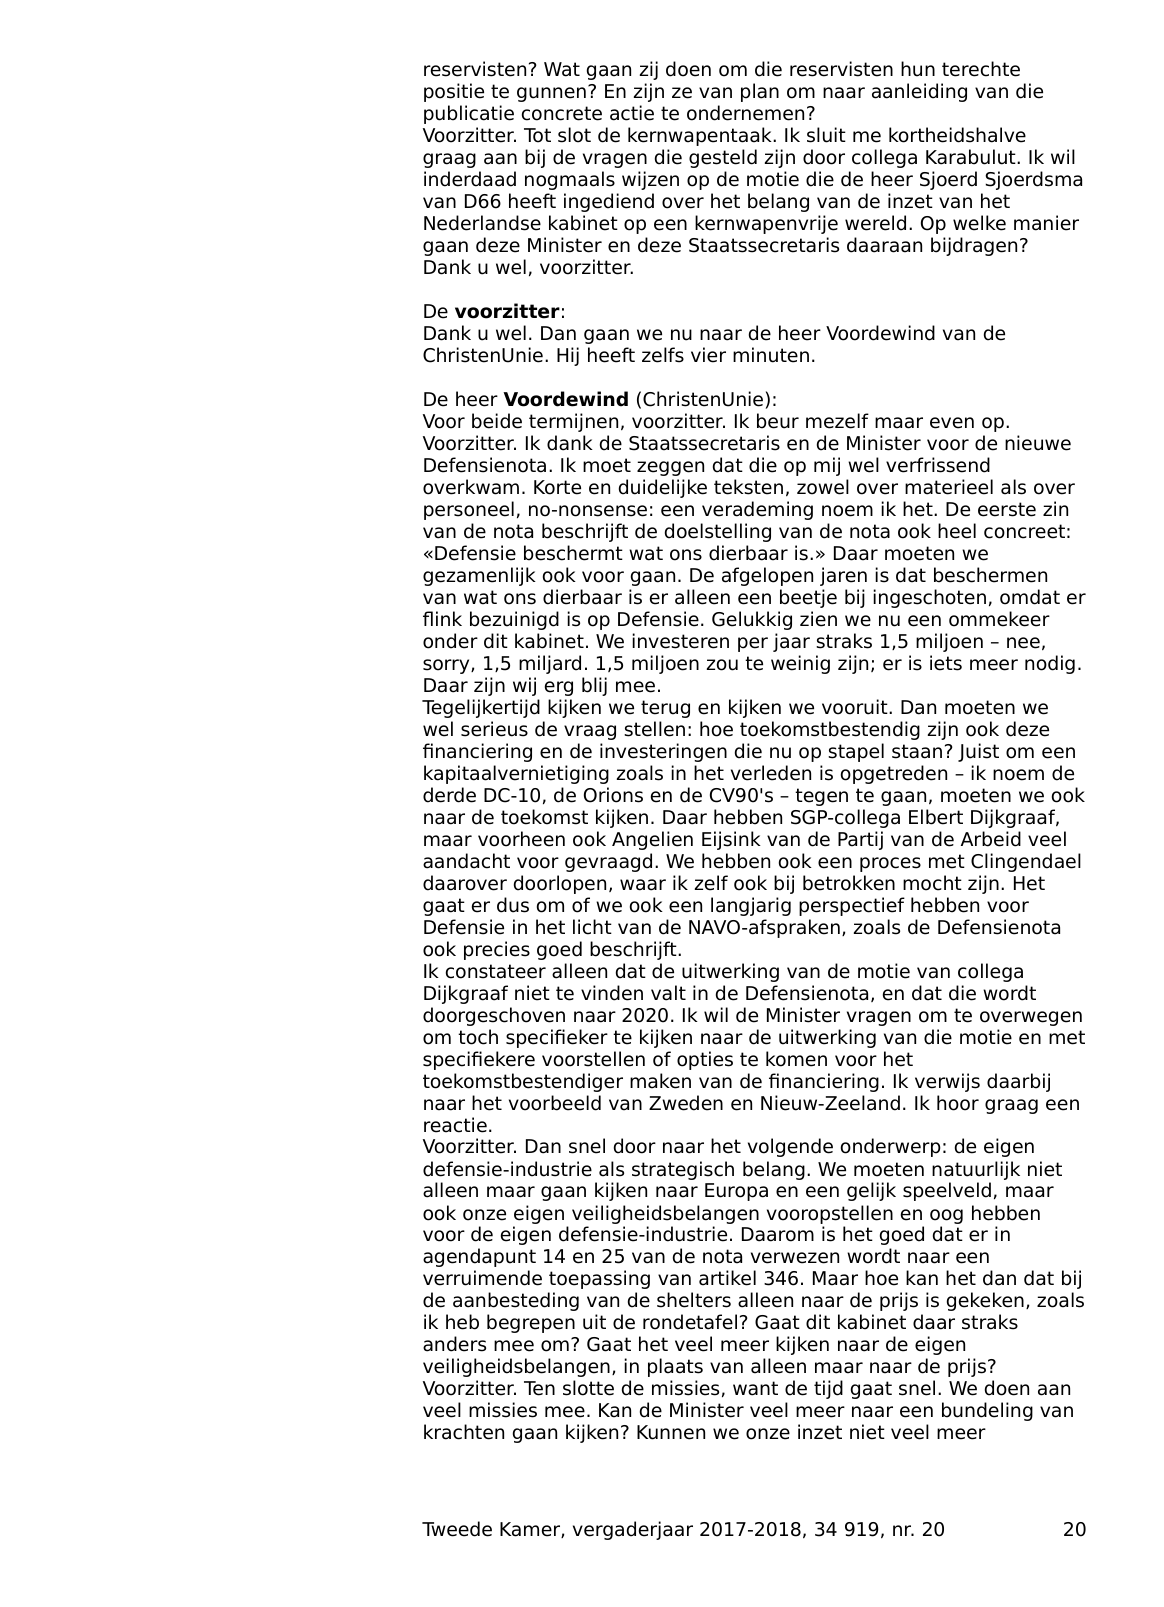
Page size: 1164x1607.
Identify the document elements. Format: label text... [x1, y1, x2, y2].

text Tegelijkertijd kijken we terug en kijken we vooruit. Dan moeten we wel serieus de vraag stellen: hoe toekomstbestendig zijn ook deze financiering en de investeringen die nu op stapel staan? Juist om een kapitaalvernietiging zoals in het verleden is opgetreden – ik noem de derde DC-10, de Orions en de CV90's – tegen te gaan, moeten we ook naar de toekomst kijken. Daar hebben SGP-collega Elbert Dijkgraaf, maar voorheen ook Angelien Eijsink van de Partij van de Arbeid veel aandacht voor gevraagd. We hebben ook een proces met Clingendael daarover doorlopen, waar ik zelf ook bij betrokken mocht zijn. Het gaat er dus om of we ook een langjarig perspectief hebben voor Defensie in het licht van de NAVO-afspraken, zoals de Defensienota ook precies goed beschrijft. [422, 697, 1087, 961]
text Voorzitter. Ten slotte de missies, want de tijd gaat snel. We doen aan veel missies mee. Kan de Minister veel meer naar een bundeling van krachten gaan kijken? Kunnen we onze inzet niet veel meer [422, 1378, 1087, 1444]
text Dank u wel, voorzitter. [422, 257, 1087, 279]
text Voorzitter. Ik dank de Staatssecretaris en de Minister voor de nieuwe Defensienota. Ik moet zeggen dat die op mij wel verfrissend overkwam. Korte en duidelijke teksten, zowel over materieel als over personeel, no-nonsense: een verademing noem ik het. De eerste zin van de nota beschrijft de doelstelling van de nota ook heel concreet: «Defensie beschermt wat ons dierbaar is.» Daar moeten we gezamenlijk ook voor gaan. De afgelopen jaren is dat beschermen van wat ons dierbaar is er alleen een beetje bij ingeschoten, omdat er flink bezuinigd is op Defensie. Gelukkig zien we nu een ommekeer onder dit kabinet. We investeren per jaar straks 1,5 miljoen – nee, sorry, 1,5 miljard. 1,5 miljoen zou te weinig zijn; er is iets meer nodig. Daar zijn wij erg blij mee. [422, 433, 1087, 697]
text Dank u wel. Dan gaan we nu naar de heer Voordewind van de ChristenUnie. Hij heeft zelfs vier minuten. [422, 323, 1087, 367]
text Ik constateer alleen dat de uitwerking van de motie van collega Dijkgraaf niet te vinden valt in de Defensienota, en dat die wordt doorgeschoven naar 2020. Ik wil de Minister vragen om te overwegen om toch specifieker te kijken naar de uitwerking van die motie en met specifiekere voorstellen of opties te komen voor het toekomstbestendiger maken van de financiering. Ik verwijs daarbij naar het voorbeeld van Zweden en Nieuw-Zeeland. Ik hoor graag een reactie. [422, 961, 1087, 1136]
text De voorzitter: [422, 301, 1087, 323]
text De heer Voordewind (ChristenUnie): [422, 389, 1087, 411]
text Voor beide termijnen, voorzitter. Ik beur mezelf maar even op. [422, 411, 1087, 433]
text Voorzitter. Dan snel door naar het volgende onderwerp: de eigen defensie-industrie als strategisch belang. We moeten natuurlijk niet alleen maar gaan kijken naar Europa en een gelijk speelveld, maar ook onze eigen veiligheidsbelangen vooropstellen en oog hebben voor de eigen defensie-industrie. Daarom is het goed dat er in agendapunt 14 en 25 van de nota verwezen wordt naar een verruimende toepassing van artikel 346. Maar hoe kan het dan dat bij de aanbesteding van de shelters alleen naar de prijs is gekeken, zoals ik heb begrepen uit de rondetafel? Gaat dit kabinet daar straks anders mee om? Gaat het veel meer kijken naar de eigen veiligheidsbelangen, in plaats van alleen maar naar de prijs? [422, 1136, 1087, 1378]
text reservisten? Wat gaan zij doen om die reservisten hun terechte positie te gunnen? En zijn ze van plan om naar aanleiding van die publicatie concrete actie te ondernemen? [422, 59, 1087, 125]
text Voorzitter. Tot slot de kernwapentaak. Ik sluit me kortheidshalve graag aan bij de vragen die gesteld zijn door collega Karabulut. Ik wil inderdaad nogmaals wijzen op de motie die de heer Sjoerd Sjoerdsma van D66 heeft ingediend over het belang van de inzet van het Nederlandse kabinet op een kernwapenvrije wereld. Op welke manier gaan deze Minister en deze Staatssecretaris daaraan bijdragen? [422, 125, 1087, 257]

...

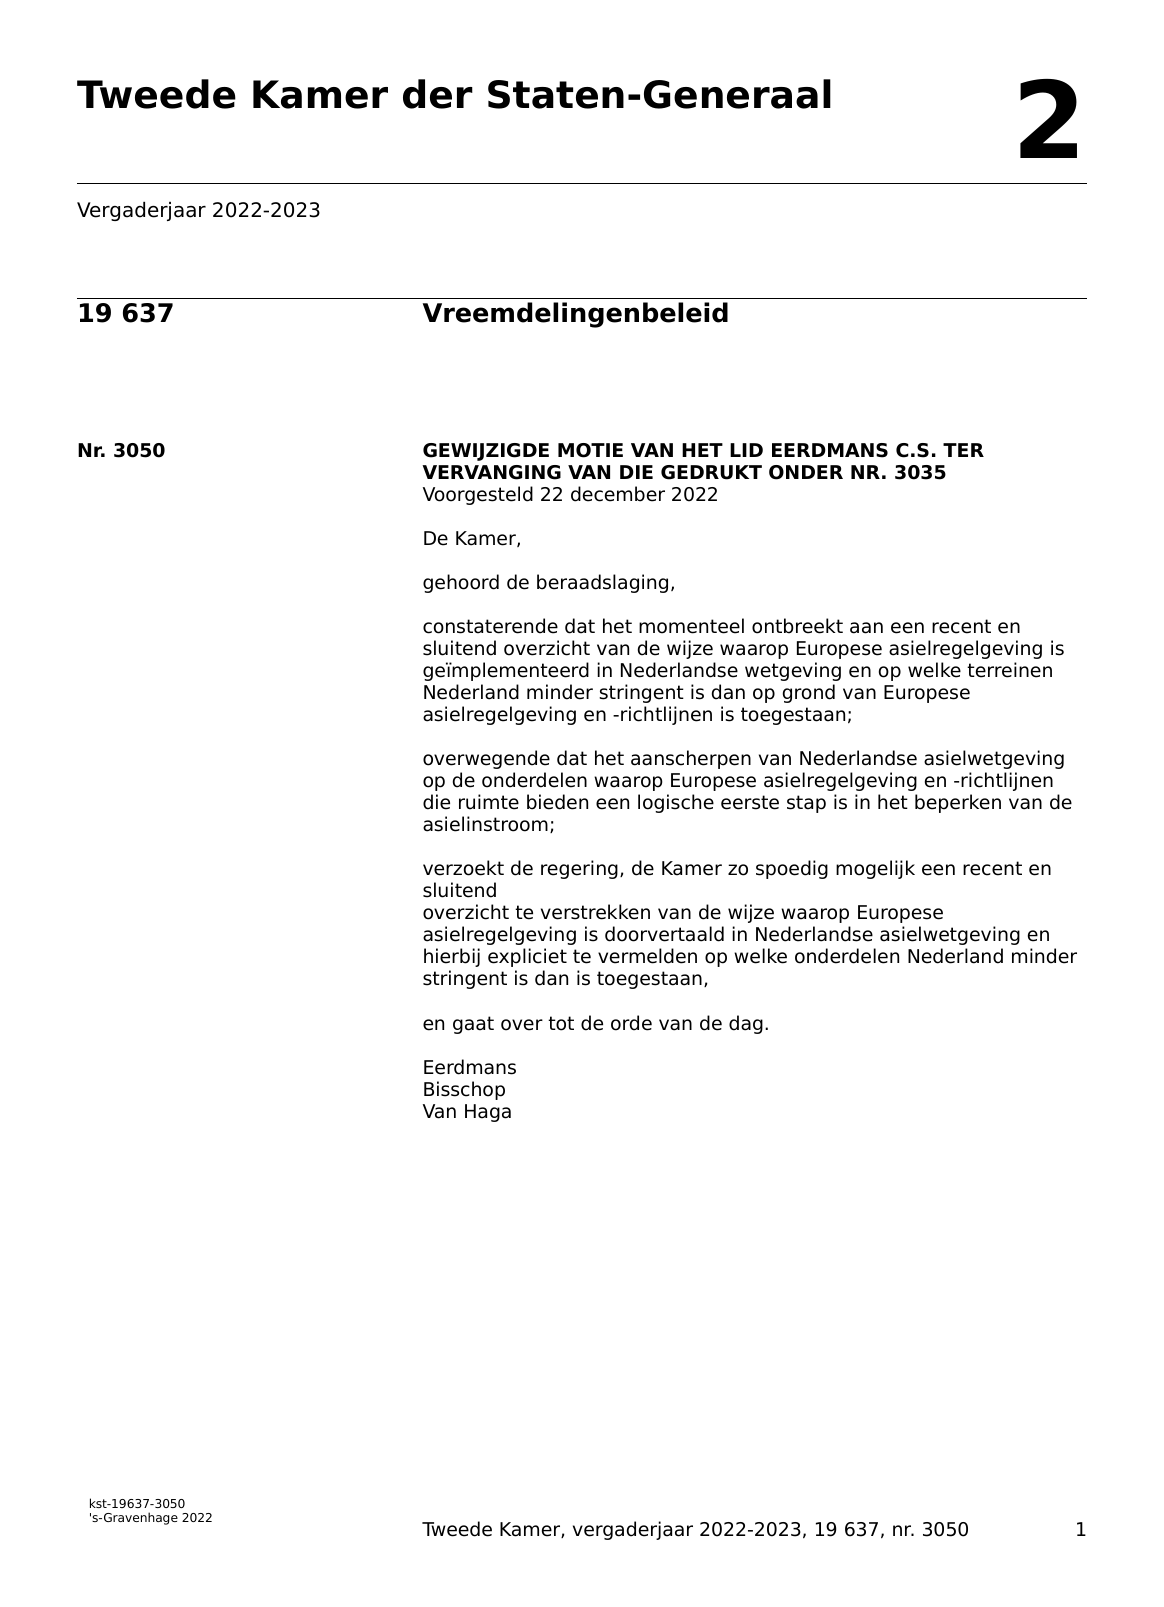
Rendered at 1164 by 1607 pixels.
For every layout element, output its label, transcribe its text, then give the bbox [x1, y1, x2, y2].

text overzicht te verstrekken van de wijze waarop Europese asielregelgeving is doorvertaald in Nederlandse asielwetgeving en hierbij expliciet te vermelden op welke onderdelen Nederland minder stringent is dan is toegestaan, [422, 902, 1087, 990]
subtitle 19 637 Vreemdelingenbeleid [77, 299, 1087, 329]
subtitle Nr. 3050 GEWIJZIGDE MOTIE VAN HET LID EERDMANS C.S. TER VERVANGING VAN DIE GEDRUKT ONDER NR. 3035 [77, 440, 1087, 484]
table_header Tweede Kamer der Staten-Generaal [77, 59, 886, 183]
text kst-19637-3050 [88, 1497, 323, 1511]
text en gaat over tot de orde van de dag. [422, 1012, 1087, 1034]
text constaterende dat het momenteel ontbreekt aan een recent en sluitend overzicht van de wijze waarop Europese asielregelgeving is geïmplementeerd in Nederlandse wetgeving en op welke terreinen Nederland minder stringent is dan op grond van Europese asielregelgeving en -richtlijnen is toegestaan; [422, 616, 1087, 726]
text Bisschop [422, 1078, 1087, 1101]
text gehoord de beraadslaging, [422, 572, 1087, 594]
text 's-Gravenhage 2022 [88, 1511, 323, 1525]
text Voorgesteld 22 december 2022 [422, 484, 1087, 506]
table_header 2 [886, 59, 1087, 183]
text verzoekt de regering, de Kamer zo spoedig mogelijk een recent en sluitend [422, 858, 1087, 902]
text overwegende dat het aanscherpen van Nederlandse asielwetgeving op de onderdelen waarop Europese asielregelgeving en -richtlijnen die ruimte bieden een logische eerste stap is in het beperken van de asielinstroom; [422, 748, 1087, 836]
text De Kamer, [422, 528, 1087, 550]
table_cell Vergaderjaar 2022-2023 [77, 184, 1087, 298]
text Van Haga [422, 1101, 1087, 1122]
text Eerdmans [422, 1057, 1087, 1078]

---

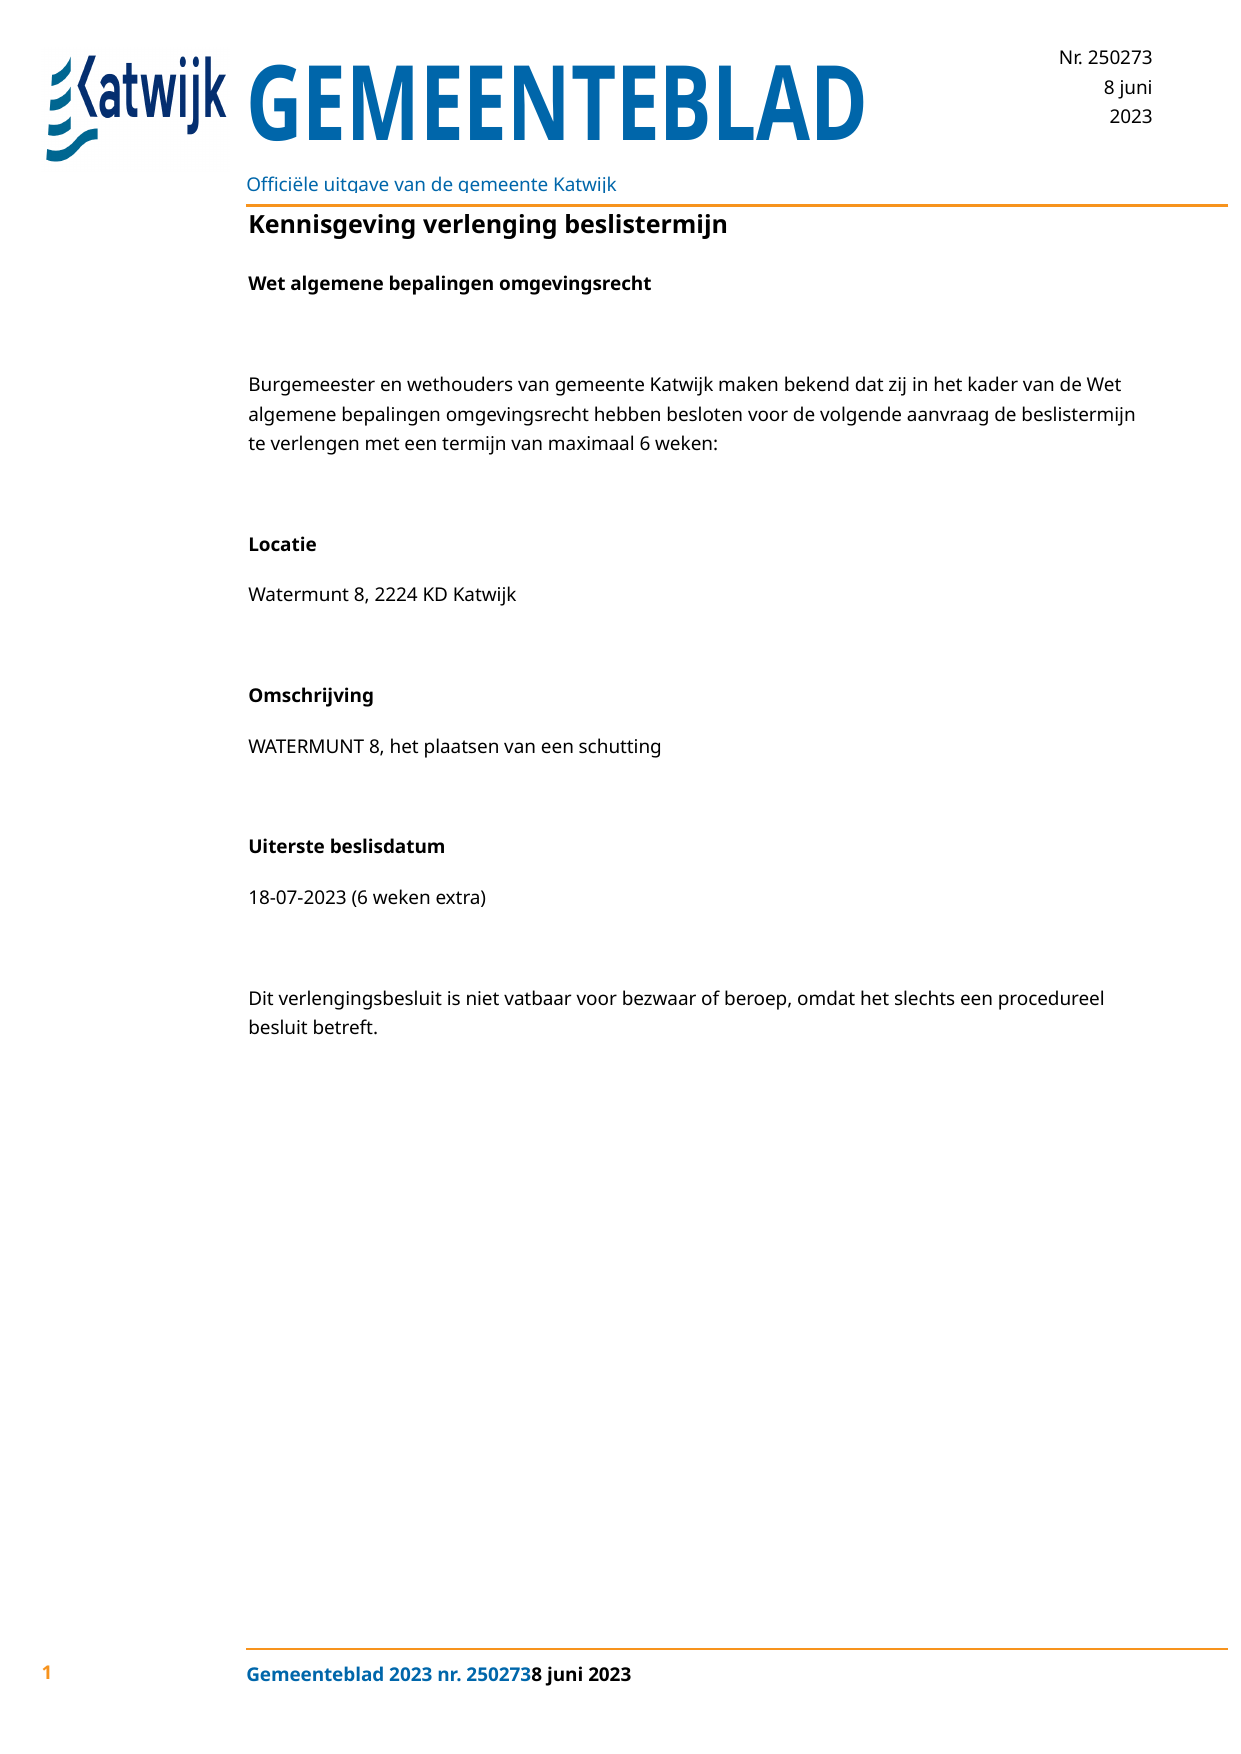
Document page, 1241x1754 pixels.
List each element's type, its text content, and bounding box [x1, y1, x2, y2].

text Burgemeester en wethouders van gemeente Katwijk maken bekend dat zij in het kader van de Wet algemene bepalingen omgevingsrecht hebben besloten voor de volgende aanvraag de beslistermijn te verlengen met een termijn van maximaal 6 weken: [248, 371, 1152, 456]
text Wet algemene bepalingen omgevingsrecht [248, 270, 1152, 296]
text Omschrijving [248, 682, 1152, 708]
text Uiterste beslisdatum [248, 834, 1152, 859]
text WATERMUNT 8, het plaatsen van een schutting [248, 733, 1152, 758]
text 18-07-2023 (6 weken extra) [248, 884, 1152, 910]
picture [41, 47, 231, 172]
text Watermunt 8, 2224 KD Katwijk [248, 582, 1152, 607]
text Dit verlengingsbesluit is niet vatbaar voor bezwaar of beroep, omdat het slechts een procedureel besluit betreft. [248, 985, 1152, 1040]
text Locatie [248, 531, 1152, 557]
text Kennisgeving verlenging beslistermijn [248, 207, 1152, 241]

- _WORK REQUEST_:
Within the listing above, extract exactly the lines from the line with "Page size: 1164x1607." to the line with "text Voorzitter. Ik", the two named lines included, and no others.

- _TASK RESULT_:
Page size: 1164x1607.
Identify the document elements. Format: label text... [x1, y1, x2, y2].

text Tegelijkertijd kijken we terug en kijken we vooruit. Dan moeten we wel serieus de vraag stellen: hoe toekomstbestendig zijn ook deze financiering en de investeringen die nu op stapel staan? Juist om een kapitaalvernietiging zoals in het verleden is opgetreden – ik noem de derde DC-10, de Orions en de CV90's – tegen te gaan, moeten we ook naar de toekomst kijken. Daar hebben SGP-collega Elbert Dijkgraaf, maar voorheen ook Angelien Eijsink van de Partij van de Arbeid veel aandacht voor gevraagd. We hebben ook een proces met Clingendael daarover doorlopen, waar ik zelf ook bij betrokken mocht zijn. Het gaat er dus om of we ook een langjarig perspectief hebben voor Defensie in het licht van de NAVO-afspraken, zoals de Defensienota ook precies goed beschrijft. [422, 697, 1087, 961]
text Voorzitter. Ten slotte de missies, want de tijd gaat snel. We doen aan veel missies mee. Kan de Minister veel meer naar een bundeling van krachten gaan kijken? Kunnen we onze inzet niet veel meer [422, 1378, 1087, 1444]
text Dank u wel, voorzitter. [422, 257, 1087, 279]
text Voorzitter. Ik dank de Staatssecretaris en de Minister voor de nieuwe Defensienota. Ik moet zeggen dat die op mij wel verfrissend overkwam. Korte en duidelijke teksten, zowel over materieel als over personeel, no-nonsense: een verademing noem ik het. De eerste zin van de nota beschrijft de doelstelling van de nota ook heel concreet: «Defensie beschermt wat ons dierbaar is.» Daar moeten we gezamenlijk ook voor gaan. De afgelopen jaren is dat beschermen van wat ons dierbaar is er alleen een beetje bij ingeschoten, omdat er flink bezuinigd is op Defensie. Gelukkig zien we nu een ommekeer onder dit kabinet. We investeren per jaar straks 1,5 miljoen – nee, sorry, 1,5 miljard. 1,5 miljoen zou te weinig zijn; er is iets meer nodig. Daar zijn wij erg blij mee. [422, 433, 1087, 697]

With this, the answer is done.